I downloaded darwin streaming server and installed it trought it's installer manual.
Ok, so now I got the streaming server going and I logged in to it's web user interface.
I noticed that it places it's sample .mov files in /Library/QuickTimeStreaming/Movies
So I used my webbrowser and wrote: http://myserveradress:1220/sample_100kbit.mov but with the responce "Error - File not found".

I then tried  the url rstp://myserver:1220/sample_100kbit.mov but with no luck.

I really have to get this working - I think it's unresponsible from apple not to have a basic manual for this darwin streaming server (I searched the knowledge manual page - no luck). So my last hope is to ask you guys out there if you know how to get this working?

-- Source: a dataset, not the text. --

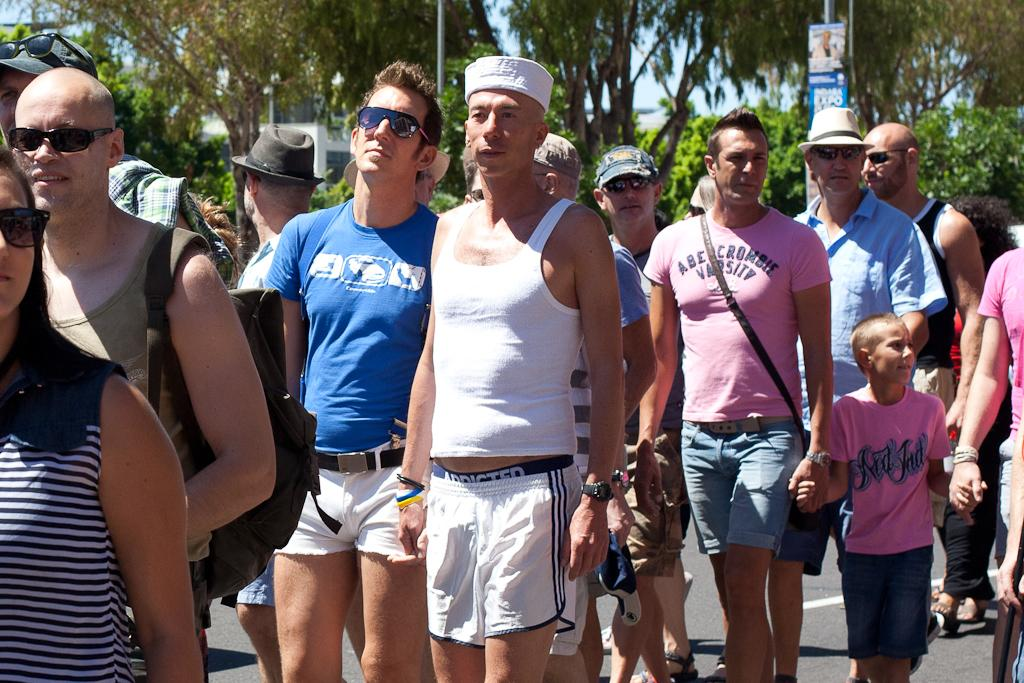<image>
Present a compact description of the photo's key features. A crowd of men, one with an Abercrombie Varsity shirt. 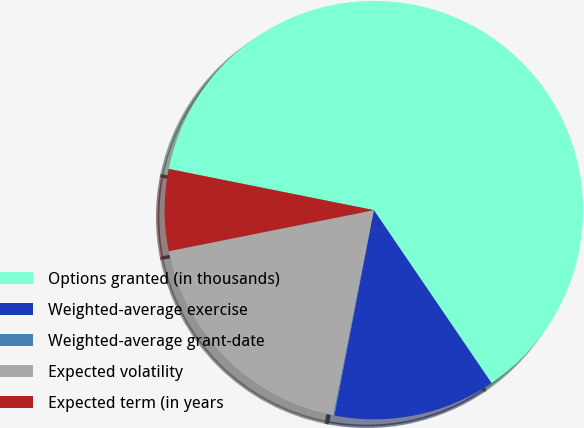<chart> <loc_0><loc_0><loc_500><loc_500><pie_chart><fcel>Options granted (in thousands)<fcel>Weighted-average exercise<fcel>Weighted-average grant-date<fcel>Expected volatility<fcel>Expected term (in years<nl><fcel>62.33%<fcel>12.53%<fcel>0.08%<fcel>18.75%<fcel>6.3%<nl></chart>

My school really need this working and we can't afford the OSX server licence.

Kind regareds
Mika Sjöman


----------



## fddi1 (Oct 18, 2002)

Mika,

If you are running OS X, I believe you can get QuickTime Streaming Server, which is pretty much the same thing as the Darwin Streaming Server.  I think QTSS has an extra configuration GUI though.  It has been a while since I last configured a DSS, but if my memory serves me right, your "mount point" is not the actual path of where the file is being stored.  The concept confused me for a while, too.


----------